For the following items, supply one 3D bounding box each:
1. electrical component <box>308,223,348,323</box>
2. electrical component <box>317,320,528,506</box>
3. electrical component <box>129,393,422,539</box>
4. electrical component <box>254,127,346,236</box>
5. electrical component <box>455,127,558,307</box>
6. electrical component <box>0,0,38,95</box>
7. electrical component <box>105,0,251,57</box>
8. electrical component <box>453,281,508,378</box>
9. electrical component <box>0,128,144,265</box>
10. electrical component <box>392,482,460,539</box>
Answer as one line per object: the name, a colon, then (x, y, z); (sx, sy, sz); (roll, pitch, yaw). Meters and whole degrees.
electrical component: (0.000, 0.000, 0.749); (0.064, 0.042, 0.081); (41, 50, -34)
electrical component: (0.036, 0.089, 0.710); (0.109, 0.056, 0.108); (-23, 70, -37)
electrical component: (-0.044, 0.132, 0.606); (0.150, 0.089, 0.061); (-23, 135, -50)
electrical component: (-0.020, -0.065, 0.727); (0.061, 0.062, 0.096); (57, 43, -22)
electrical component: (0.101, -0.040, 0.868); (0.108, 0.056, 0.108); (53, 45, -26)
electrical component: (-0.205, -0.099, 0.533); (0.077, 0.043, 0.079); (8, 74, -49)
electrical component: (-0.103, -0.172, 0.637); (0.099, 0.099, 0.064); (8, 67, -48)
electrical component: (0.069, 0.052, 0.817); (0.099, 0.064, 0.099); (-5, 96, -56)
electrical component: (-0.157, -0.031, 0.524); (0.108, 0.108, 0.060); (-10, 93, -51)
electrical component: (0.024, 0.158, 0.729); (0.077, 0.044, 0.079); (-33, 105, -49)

════

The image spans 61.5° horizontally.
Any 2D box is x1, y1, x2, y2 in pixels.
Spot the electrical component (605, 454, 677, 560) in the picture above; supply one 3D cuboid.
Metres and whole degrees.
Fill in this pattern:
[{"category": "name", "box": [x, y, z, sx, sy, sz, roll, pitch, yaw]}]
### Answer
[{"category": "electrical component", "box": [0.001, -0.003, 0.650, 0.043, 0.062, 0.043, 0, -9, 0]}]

════

--- What to produce ---
Lines to set down from above: the line with "For the following", the line with "10. electrical component", and every line between, each exactly as written.

--- Result of the exercise ---
For the following items, supply one 3D bounding box each:
1. electrical component <box>308,223,348,323</box>
2. electrical component <box>317,320,528,506</box>
3. electrical component <box>129,393,422,539</box>
4. electrical component <box>254,127,346,236</box>
5. electrical component <box>455,127,558,307</box>
6. electrical component <box>0,0,38,95</box>
7. electrical component <box>105,0,251,57</box>
8. electrical component <box>453,281,508,378</box>
9. electrical component <box>0,128,144,265</box>
10. electrical component <box>392,482,460,539</box>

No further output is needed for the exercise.